Is Gini coefficient a good metric for measuring predictive model performance on highly imbalanced data

Question

I am evaluating a Credit Risk model that predicts the estimated likelihood of customers defaulting on their mortgage accounts. The model is a Logistic Regression estimator and was built by another team. They use the Gini metric to measure the performance of the model. They achieved 87%. Upon evaluation, I found that the recall was 51% whilst the error rate of the non rare event class (do not default) was 0.9%. Am I correct in thinking that the Gini is actually a misleading metric in this case because it doesn't really show the extremely poor predictive performance of the rare event class? I have questioned them about this and tried to recommend them to use precision/recall metrics as well as confusion matrices and a precision-recall trade-off graph but they quickly dismissed me.
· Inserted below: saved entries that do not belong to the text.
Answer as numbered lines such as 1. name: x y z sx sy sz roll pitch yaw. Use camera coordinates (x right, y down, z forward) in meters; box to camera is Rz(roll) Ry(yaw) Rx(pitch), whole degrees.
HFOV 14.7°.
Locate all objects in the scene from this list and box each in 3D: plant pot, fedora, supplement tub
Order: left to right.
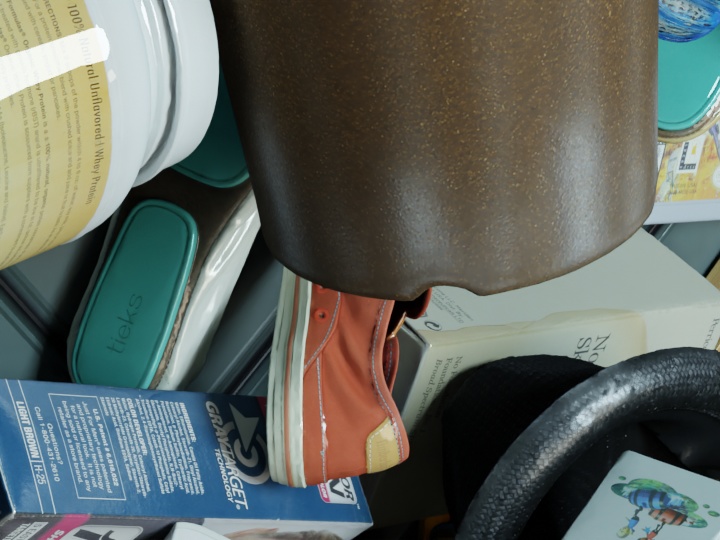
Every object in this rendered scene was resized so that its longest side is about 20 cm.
1. supplement tub: -0.162 -0.060 0.944 0.200 0.145 0.145 -24 126 -36
2. plant pot: 0.024 -0.109 1.007 0.200 0.200 0.199 -27 123 -34
3. fedora: 0.091 0.096 1.209 0.200 0.092 0.201 -23 133 -27

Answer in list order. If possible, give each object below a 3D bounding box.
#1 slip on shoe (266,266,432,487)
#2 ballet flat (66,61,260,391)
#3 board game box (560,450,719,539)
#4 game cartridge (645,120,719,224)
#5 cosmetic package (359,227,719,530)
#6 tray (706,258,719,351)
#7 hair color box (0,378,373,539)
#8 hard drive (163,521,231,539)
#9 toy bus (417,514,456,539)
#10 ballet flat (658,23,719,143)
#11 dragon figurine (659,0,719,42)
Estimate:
1. slip on shoe: 0.000 0.000 1.150 0.074 0.061 0.200 85 9 -55
2. ballet flat: -0.061 -0.034 1.135 0.069 0.069 0.200 12 105 -48
3. board game box: 0.091 0.195 1.116 0.200 0.064 0.148 -53 144 -30
4. game cartridge: 0.153 -0.089 1.342 0.200 0.042 0.133 -5 117 -45
5. cosmetic package: 0.066 0.046 1.277 0.200 0.073 0.104 -7 127 -41
6. tray: 0.213 0.029 1.464 0.200 0.037 0.099 -53 138 -11
7. hair color box: -0.100 0.095 1.120 0.100 0.061 0.200 -35 153 34
8. hard drive: -0.058 0.190 1.142 0.200 0.132 0.026 -54 -166 43
9. toy bus: 0.065 0.170 1.325 0.192 0.136 0.200 -61 138 -23
10. ballet flat: 0.137 -0.151 1.208 0.063 0.068 0.200 64 28 -83
11. dragon figurine: 0.135 -0.130 1.122 0.200 0.059 0.100 10 69 -37
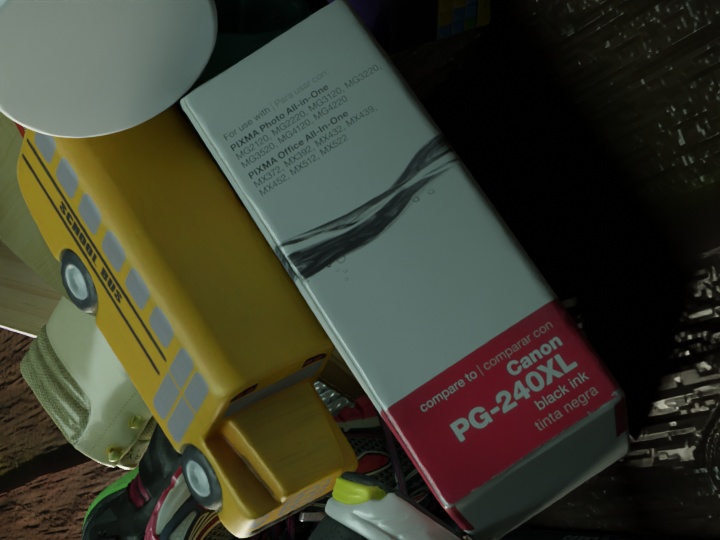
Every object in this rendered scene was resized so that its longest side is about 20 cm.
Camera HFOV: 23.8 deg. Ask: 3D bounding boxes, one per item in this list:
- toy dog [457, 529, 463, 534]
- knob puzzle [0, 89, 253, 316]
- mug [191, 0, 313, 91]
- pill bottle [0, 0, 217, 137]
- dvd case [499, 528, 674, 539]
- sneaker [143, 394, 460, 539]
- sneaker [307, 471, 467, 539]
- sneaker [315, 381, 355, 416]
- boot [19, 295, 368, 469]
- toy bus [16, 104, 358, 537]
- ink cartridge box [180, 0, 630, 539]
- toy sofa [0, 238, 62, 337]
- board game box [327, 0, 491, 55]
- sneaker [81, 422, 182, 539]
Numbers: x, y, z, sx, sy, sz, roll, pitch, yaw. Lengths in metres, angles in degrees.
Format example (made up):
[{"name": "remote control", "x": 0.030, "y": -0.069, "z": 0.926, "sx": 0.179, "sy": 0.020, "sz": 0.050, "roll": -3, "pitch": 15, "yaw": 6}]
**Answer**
[{"name": "toy dog", "x": -0.024, "y": 0.183, "z": 0.908, "sx": 0.200, "sy": 0.193, "sz": 0.140, "roll": -153, "pitch": 59, "yaw": -65}, {"name": "knob puzzle", "x": -0.135, "y": -0.061, "z": 0.860, "sx": 0.219, "sy": 0.030, "sz": 0.220, "roll": 24, "pitch": 126, "yaw": 37}, {"name": "mug", "x": -0.110, "y": -0.162, "z": 0.891, "sx": 0.185, "sy": 0.114, "sz": 0.153, "roll": 6, "pitch": 114, "yaw": 64}, {"name": "pill bottle", "x": -0.133, "y": -0.156, "z": 0.702, "sx": 0.116, "sy": 0.115, "sz": 0.200, "roll": 100, "pitch": 151, "yaw": -48}, {"name": "dvd case", "x": 0.135, "y": 0.192, "z": 0.774, "sx": 0.200, "sy": 0.025, "sz": 0.151, "roll": -14, "pitch": 96, "yaw": 66}, {"name": "sneaker", "x": -0.014, "y": 0.107, "z": 0.810, "sx": 0.075, "sy": 0.200, "sz": 0.081, "roll": 48, "pitch": 137, "yaw": 32}, {"name": "sneaker", "x": 0.047, "y": 0.169, "z": 0.731, "sx": 0.200, "sy": 0.085, "sz": 0.074, "roll": 40, "pitch": 175, "yaw": -13}, {"name": "sneaker", "x": -0.055, "y": 0.019, "z": 0.979, "sx": 0.200, "sy": 0.079, "sz": 0.079, "roll": 33, "pitch": 107, "yaw": 19}, {"name": "boot", "x": -0.083, "y": 0.050, "z": 0.914, "sx": 0.200, "sy": 0.073, "sz": 0.156, "roll": 34, "pitch": 111, "yaw": 12}, {"name": "toy bus", "x": -0.074, "y": 0.012, "z": 0.748, "sx": 0.200, "sy": 0.065, "sz": 0.078, "roll": 55, "pitch": 145, "yaw": 17}, {"name": "ink cartridge box", "x": 0.023, "y": 0.004, "z": 0.711, "sx": 0.200, "sy": 0.083, "sz": 0.145, "roll": 57, "pitch": -179, "yaw": 17}, {"name": "toy sofa", "x": -0.184, "y": -0.005, "z": 1.053, "sx": 0.083, "sy": 0.200, "sz": 0.098, "roll": 30, "pitch": 99, "yaw": 54}, {"name": "board game box", "x": -0.016, "y": -0.214, "z": 0.730, "sx": 0.200, "sy": 0.057, "sz": 0.166, "roll": 46, "pitch": 146, "yaw": 40}, {"name": "sneaker", "x": -0.088, "y": 0.119, "z": 0.866, "sx": 0.200, "sy": 0.077, "sz": 0.084, "roll": -56, "pitch": 16, "yaw": 41}]
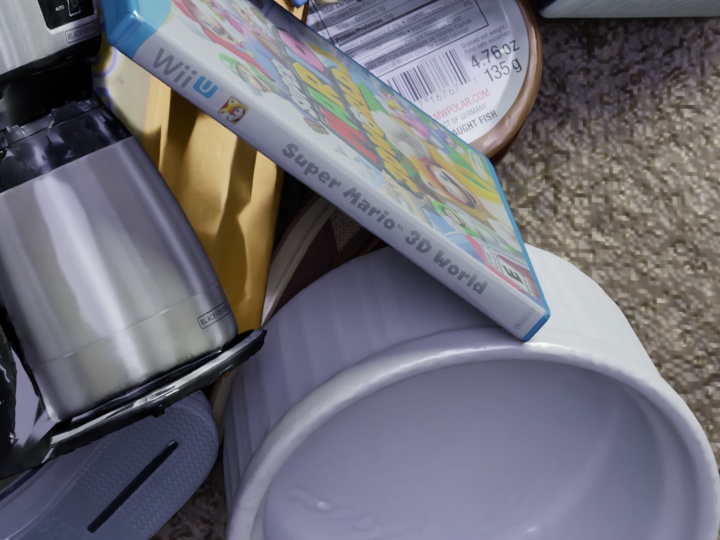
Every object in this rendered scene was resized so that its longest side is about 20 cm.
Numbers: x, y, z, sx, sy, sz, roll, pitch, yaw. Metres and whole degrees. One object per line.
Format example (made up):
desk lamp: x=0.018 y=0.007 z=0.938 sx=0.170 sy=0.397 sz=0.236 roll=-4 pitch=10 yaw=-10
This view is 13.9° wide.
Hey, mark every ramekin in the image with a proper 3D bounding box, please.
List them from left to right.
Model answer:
ramekin: x=0.038 y=0.083 z=1.196 sx=0.200 sy=0.201 sz=0.098 roll=-5 pitch=36 yaw=-8

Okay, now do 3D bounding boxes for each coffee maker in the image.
coffee maker: x=-0.161 y=-0.021 z=1.121 sx=0.192 sy=0.135 sz=0.200 roll=-24 pitch=94 yaw=1

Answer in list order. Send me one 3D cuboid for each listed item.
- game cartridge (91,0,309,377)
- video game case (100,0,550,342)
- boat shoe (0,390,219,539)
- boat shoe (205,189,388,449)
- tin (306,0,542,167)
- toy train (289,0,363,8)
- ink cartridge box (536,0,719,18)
game cartridge: x=-0.129 y=-0.056 z=1.200 sx=0.200 sy=0.032 sz=0.177 roll=8 pitch=93 yaw=-1
video game case: x=-0.017 y=-0.063 z=1.119 sx=0.200 sy=0.143 sz=0.018 roll=35 pitch=107 yaw=-22
boat shoe: x=-0.140 y=0.115 z=1.231 sx=0.200 sy=0.062 sz=0.072 roll=-41 pitch=118 yaw=2
boat shoe: x=0.000 y=0.000 z=1.269 sx=0.072 sy=0.072 sz=0.200 roll=31 pitch=71 yaw=1
tin: x=0.003 y=-0.128 z=1.247 sx=0.112 sy=0.042 sz=0.200 roll=-25 pitch=82 yaw=-16
toy train: x=-0.072 y=-0.172 z=1.136 sx=0.046 sy=0.034 sz=0.200 roll=-44 pitch=96 yaw=-3
ink cartridge box: x=0.096 y=-0.207 z=1.283 sx=0.200 sy=0.041 sz=0.200 roll=-3 pitch=76 yaw=-45

Any advice would be much appreciated.

Answer 1

The Gini Coefficient can also be expressed in terms of the area under the ROC curve (AUC): G = 2*AUC -1 link. The ROC curve, on the other hand, is influenced by class imbalance through the false positive rate FP/(FP+TN). If the number of negatives is a lot larger, this could be a potential issue.

In short, the Gini Coefficient has similar pros and cons as the AUC ROC metric.

Answer 2

Gini coefficient shouldn't be to my understanding a bad mertric for imbalanced classification, because it is related to AUC, which works just fine. Maybe it was gini impurity not coefficient. Check your AUC of the predictions once. Also Area under the PR curve is a better metric for imbalanced classification than AUC, maybe you should see that too.

Answer 3

Credit models do not do a great job of predicting individual defaults, and the error rates are usually high. That is, a fairly high proportion of dubious borrowers do not default. One can always reduce this proportion by making the cutoff more generous, so that only the worst borrowers are left in the "bad" pool; but the necessary tradeoff is that more borrowers must be put into the "good" pool, so more defaults occur in the "good" pool.

The Gini (or the roughly equivalent AUC) is a reasonable tool for assessing the performance of the model across the whole range of credit cutoffs, but in practice this is not usually what we want. We really want to make our lending business profitable, which means we have to consider how much profit we make from good mortgages and how much we lose from defaults. The best model is the one that gives the best tradeoff between these. This has nothing to do with our success at predicting individual defaults, which is why the Gini is not really useful.

Because the costs and profit numbers are specific to each lender, it is quite possible that Model A will work better than Model B for one lender, while Model B will work better than Model A for another lender. There is no model that is best for every lender.